I barely recognized this as David Bowie the first time I put on this record. It’s not very often that David Bowie sounds so…unhinged. Well, Pin Ups is a covers record, and he made a point of picking weird and unexpected songs. This one is from The Pretty Things, one of the first garage rock bands, and the original sounds like it was recorded inside of a large dumpster. Which is the opposite of the usual Bowie approach, and which is what makes for a weird selection. It is, of course, trailblazing, because hardly anybody was doing cover records in 1973. It almost feels like a novelty record, because it’s very very campy, almost too silly. But fun.

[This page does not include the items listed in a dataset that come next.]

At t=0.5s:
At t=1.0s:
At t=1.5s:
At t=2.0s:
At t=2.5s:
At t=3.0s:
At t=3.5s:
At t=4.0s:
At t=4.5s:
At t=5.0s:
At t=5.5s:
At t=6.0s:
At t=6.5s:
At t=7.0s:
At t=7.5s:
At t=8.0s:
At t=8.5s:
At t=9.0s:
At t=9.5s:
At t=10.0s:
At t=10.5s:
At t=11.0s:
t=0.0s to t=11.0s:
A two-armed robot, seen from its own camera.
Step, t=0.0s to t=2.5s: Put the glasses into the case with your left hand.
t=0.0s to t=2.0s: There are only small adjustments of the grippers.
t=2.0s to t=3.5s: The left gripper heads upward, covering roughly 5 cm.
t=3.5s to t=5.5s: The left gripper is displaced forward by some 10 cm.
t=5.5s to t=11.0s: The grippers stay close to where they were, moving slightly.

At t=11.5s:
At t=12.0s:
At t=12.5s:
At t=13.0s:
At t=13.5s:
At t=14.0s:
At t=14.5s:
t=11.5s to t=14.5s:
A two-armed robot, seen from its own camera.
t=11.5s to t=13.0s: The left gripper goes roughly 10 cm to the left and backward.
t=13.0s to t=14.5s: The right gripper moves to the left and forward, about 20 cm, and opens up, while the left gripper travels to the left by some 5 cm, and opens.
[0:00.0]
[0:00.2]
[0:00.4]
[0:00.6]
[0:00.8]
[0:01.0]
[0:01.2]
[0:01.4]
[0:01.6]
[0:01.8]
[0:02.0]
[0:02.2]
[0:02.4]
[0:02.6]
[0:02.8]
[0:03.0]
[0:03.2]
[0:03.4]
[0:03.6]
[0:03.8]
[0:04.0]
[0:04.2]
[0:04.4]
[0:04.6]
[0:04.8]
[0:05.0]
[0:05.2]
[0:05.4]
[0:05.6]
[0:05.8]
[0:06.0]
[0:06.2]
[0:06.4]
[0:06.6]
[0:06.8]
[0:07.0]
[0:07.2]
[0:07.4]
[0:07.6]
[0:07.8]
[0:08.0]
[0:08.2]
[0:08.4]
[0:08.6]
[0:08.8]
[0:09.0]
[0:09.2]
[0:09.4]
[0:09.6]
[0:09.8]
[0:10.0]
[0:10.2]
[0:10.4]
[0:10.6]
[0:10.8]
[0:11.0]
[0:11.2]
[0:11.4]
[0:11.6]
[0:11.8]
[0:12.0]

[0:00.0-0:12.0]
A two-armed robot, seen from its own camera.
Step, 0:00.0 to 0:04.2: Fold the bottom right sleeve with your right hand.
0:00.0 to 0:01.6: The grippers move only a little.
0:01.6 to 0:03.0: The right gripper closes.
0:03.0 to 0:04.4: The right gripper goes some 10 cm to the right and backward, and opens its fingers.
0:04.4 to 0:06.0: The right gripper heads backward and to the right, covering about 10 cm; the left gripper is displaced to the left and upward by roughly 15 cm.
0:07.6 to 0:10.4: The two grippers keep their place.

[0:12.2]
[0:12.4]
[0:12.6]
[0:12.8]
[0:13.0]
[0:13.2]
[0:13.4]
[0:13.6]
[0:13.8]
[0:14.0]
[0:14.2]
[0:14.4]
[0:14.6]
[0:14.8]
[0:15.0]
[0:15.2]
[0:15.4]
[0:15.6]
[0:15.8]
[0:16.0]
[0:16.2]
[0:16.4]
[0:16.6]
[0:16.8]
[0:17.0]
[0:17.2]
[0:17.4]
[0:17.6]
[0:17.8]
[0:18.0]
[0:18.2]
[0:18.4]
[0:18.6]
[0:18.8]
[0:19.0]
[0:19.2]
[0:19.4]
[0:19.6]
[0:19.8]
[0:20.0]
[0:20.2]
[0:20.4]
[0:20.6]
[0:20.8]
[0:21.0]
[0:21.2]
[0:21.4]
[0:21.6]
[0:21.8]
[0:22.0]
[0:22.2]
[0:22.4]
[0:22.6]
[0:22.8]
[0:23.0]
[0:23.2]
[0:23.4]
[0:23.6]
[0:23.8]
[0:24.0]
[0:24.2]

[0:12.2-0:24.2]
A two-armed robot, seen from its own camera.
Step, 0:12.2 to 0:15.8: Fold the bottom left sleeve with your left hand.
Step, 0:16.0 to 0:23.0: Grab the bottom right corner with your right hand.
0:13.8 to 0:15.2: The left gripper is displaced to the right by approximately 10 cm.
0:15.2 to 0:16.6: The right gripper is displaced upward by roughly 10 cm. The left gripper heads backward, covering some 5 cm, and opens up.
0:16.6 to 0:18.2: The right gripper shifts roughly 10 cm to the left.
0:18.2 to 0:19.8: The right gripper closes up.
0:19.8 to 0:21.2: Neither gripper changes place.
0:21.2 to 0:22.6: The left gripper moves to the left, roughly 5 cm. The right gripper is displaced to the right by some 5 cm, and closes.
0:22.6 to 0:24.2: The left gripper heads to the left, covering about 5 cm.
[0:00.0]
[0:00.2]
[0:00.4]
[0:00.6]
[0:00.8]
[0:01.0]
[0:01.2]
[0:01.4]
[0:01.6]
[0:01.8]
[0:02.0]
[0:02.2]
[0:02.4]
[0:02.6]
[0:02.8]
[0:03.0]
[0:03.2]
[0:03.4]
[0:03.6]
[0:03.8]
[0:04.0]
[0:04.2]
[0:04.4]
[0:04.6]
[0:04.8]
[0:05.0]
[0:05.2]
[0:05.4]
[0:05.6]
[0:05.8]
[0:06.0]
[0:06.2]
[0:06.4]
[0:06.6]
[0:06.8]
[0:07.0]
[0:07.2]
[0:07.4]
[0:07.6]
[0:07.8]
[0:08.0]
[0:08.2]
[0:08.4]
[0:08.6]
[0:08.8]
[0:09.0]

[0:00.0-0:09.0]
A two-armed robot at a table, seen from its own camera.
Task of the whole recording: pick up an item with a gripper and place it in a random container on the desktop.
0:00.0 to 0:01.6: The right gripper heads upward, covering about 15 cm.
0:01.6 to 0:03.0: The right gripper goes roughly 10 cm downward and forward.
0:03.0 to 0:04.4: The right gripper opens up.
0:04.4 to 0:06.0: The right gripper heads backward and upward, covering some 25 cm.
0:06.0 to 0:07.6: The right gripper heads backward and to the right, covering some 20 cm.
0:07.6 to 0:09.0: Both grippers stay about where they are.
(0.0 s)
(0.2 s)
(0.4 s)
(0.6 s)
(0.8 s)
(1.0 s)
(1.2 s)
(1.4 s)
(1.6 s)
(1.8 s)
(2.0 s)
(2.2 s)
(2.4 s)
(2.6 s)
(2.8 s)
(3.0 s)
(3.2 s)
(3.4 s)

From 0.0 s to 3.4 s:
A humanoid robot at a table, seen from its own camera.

Nothing warms my cold Russian heart like the thought of the German infantry freezing to death on the steppes of the Motherland. So this deeply researched and historically accurate narrative ballad by Al Stewart hits me close to home in a way that pretty much nothing else does. Western European pop culture has rarely taken any notice of the Eastern bloc, making it a very one-sided love affair for music lovers living on the wrong side of the Iron Curtain. So thanks not only for the shout-out, Al Stewart, but also for the vivid and accurate depiction of the war years. Like everyone, I grew up viewing the Russian resistance of the Nazi invasion and subsequent victory as the height of national heroism, and a point of pride in a history in which points of pride are notably few and far between. Of course, even a casual bit of research shows that the great victory was mostly the result of bad weather and a massive disregard for human life, rather than military competence or firepower. We’re really really proud that millions of our own people also froze – or starved – to death in the same war, but bravely! (We’re also inordinately proud of that time we burned down our own capital.) And, as mentioned in the final lines of the song, most of the soldiers who managed to survive the frontlines were killed or imprisoned on return. Because their first-hand testimony might have contradicted the heroic official narrative, which would have been a real downer for the people, so yeah, those guys had to go die in a gulag. When you say it like that, it makes sense why nobody wants to learn about Russian history and culture; it’s a stinking centuries-old mass grave with a pretty red flag on top.
Any excuse to listen to a lot of T. Rex. I’ll be over here doing that. I’m aware that I’m most likely the only one who cares about the minute gradiations of the T. Rex sound over time, or the steps Marc Bolan took that were ahead of his time. Bolan’s problem was that he was ahead of the times but not far enough ahead to get all the credit for it before others caught up and popularized his ideas into the stratosphere. Still, the T. Rex sound is instantly recognizable, and nobody else ever sounded quite like that.